(Formerly called IRIN) Journalism from the heart of crises

Fearing the worst in Benghazi

Rebels at a check point on the road between Benghazi and Ras Lanouf. March 2011
Gratiane De Moustier/IRIN

Benghazi, Libya’s second largest city and seat of the opposition Libyan National Council, is bracing for the fall-out from fighting in Brega, 200km away, with residents warning they could suffer gas and electricity shortages.

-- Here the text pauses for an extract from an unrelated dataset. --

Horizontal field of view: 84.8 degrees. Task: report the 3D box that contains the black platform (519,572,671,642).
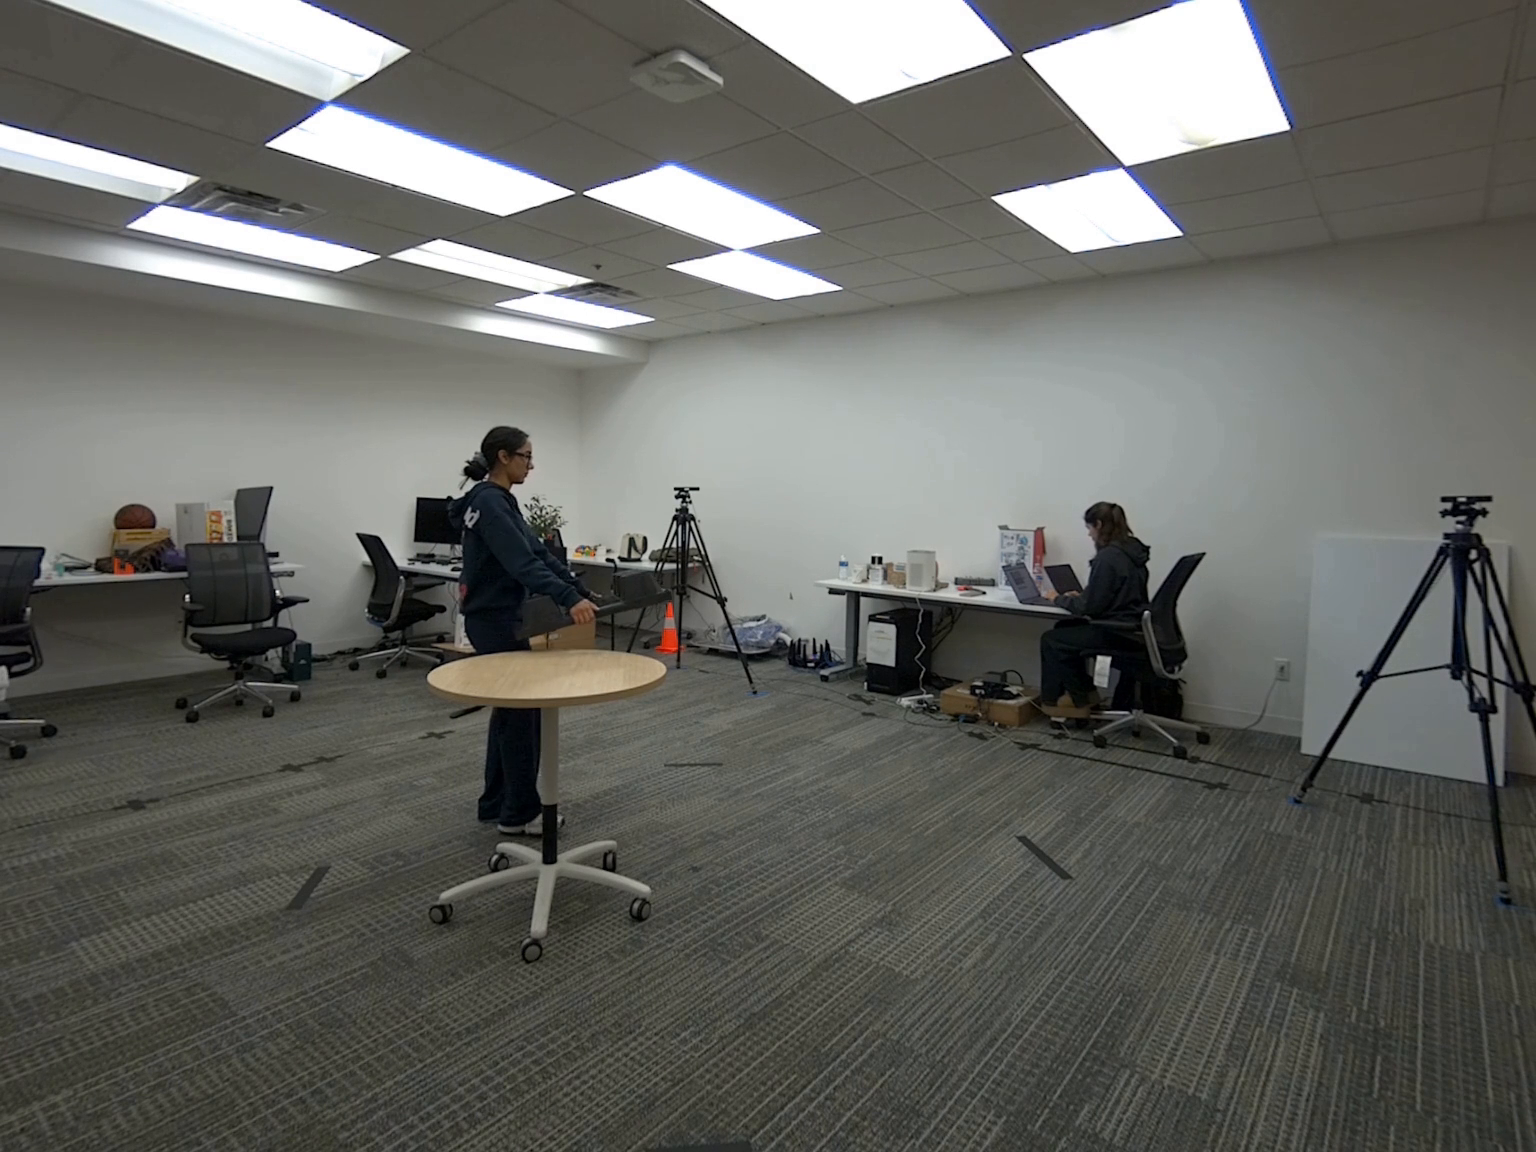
[{"bbox_3d":[-0.747,0.093,3.521,0.600,0.142,0.817,-17,6,-12],"label":"black platform"}]
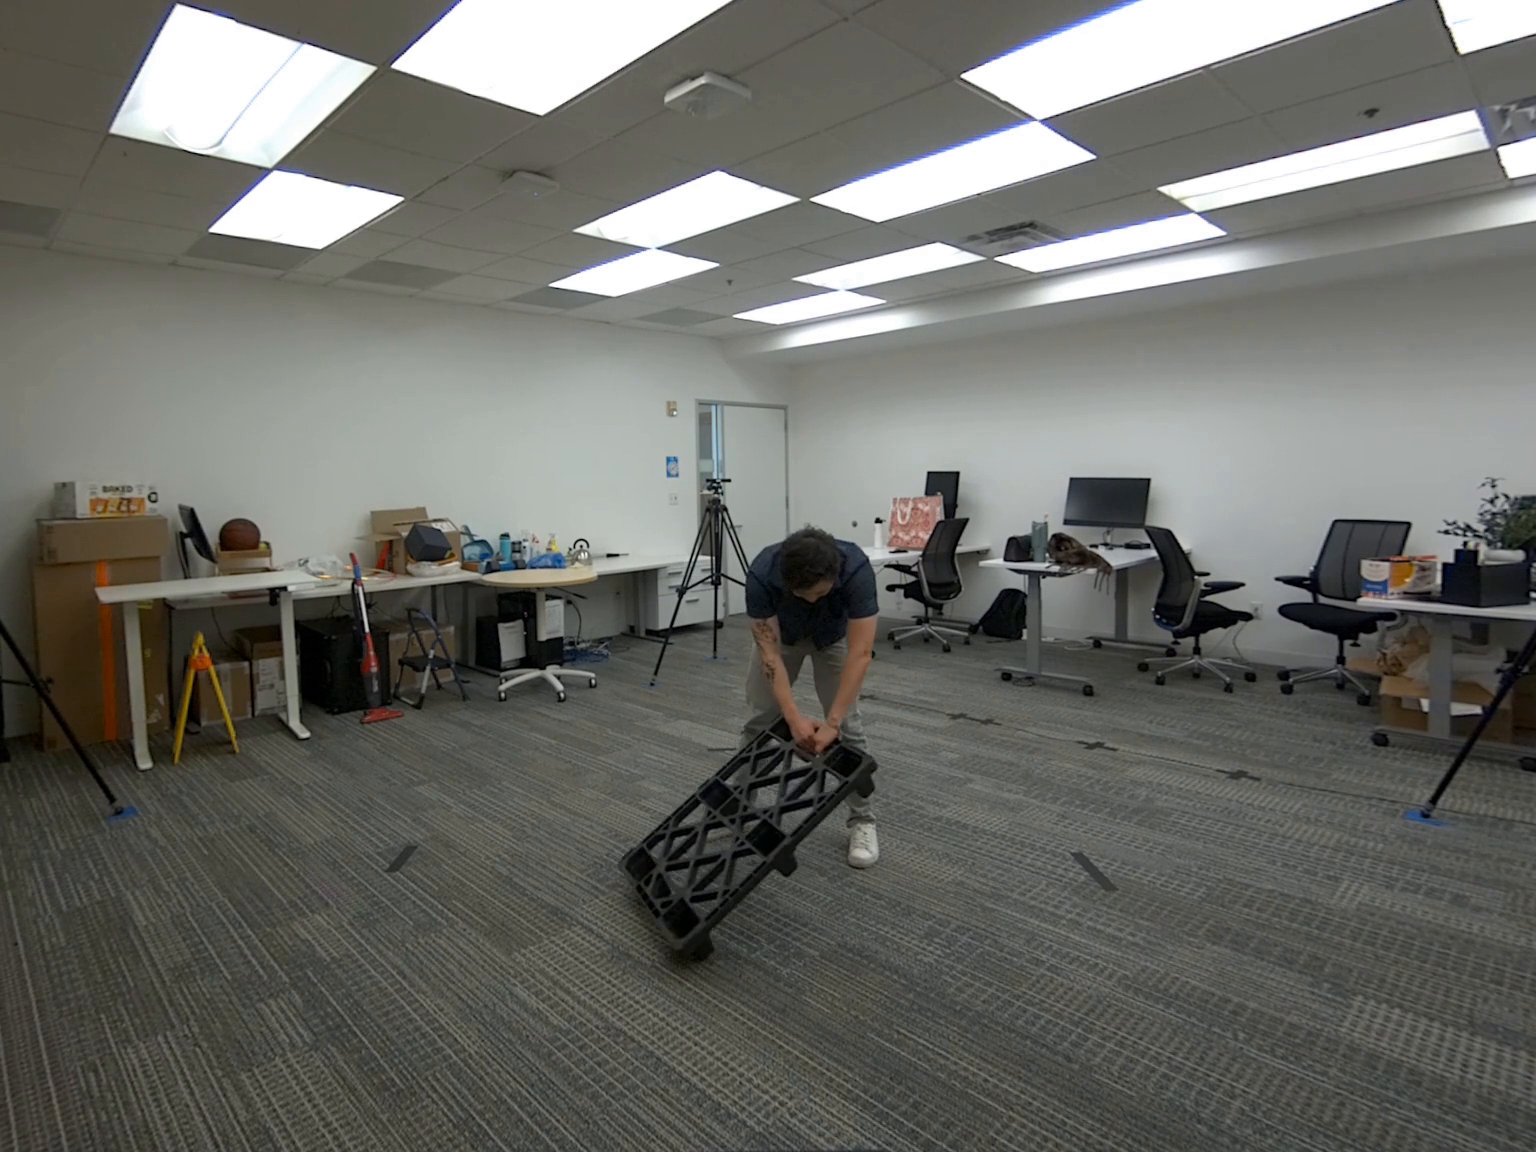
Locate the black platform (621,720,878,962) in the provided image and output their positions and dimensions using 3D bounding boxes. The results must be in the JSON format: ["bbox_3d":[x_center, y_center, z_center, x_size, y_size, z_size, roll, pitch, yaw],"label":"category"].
[{"bbox_3d":[-0.055,0.820,2.776,0.803,0.140,0.621,-41,22,-16],"label":"black platform"}]

“If Gaddafi [forces] should take Brega, we will find ourselves with no gas and electricity,” a local resident of Benghazi, who gave his name as Salar, told IRIN. It was unclear by 14 March whether government forces had overrun the town, with both sides claiming they were still in control of the area.

Observers warn that the fall of eastern towns like Brega could encourage government forces, which are battling retreating armed opposition fighters, to turn their guns on Benghazi. Should that happen, fighting would disrupt fuel and water supply lines, and affect operations at the port through which some aid has been arriving.

Schools in Benghazi are closed and many young men have gone to the front line, but residents still have access to medical treatment, and insist the city is safe.

There are numerous roadblocks manned by civilians wielding Kalashnikovs. “There is no problem of security in Benghazi,” said one resident. “The police are the people; the shooting you hear in the city is just an expression of our happiness to be free.”

In a city centre school more than 100 Libyan women gathered on 12 March to organize the collection of food and pack meals for fighters at the front, one lady said: “While I am here, my young son takes the road to the front line to help with food distribution for our soldiers. There is no food shortage, you should come and check our stores for yourself.”

Local officials claim the city has enough food to last about four months. Mufta Etwaleb of the Libyan Red Crescent said the price of bread had not changed since the city fell to opposition forces about three weeks ago, but most businesses had closed down.

But other locals said food prices had started to rise. Ahmed Al-Barsi, a shop owner, told IRIN on 13 March: “Foodstuffs are already [getting] scarce in many areas. The prices in Benghazi used to be low, but now, these prices are going up.”

Medical situation

So far, say aid workers, the local hospitals in Benghazi - Al Jalaa, Benghazi Medical Centre and Hawari - have handled the situation “fairly well”, but have reported a shortage of nurses and medicine.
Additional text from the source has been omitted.